Anyone with a programming background will think about using loops to repeat tasks. We can (and often do) make loops in R, but we do so much less frequently than we used to, at least when we’re analysing data. Instead, we now use the group_by
function to repeat tasks on groups of a dataset. An example of us doing this is in the fish dietary restriction workflow demonstration, where we calculate the growth rate of each of the 300 fish, by doing a linear regression on each fish and keeping the slope of the relationship. We accomplish this by using a group_by
to work on each fish separately, piped into a do
function, which contains the regression, followed by a little tidying (with the tidy
function of the **broom** package) and an
unnest`. It may sound complex, and even look so. But just remember that we just did 300 regressions (one for each fish) and got a nice tidy dataset with the slope of the regression line of each fish (with six lines of code).

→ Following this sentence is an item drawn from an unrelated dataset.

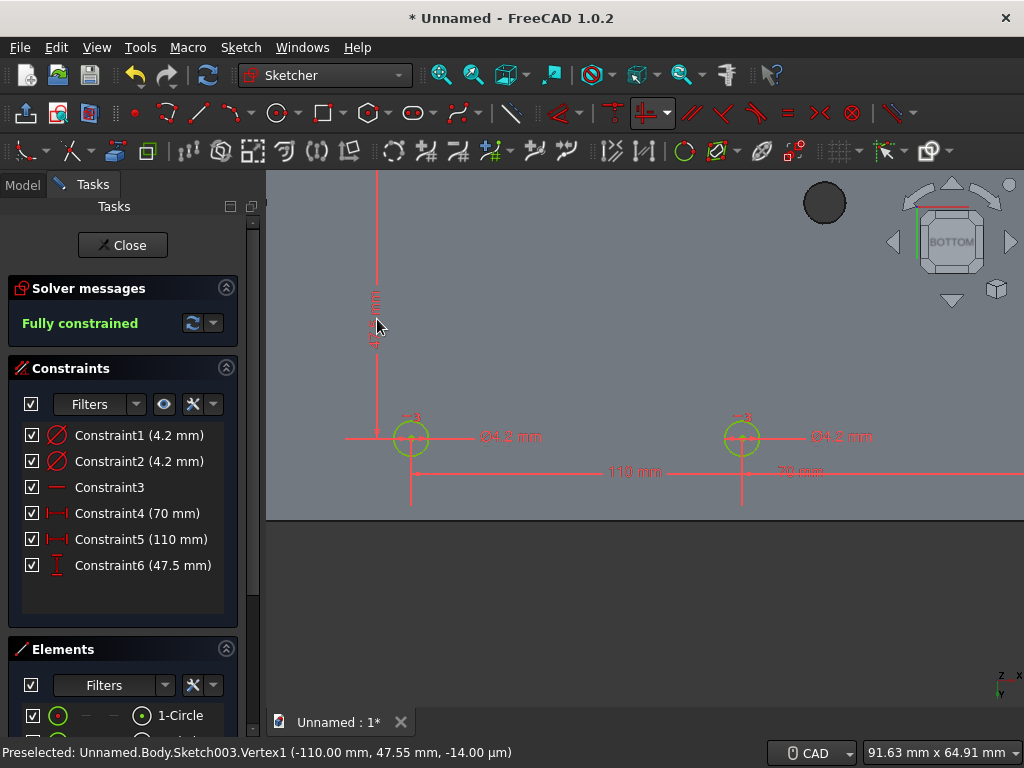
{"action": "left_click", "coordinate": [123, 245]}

Bottom line. Try to avoid loops when working with data. But don’t think to avoid them forever… they can be very useful.
4.8 Syntax highlighting
From the book: “Throughout this book you will see that different parts of our R commands have different colours. We could here explain all the different parts and different colours. But then we would have to explain the grammar and syntax in more detail than we feel is currently useful for you. In case you wonder, however, please look on the Insights companion website (http://insightsfromdata.io).”
Now we’re writing this companion web site we still don’t see a great need to explain every colour and the corresponding type of R code. In any case, we can easily change the colours, so it would not make much sense to list the colours. If you’re really interested in digging down into this, take a look at the code for the highlight R package.
4.9 Summarise more than one variable
In the book and on this website we only summarise one column at a time. But we can do more than one. Please take a look at this webpage of the dplyr package, which details how to summarise multiple columns.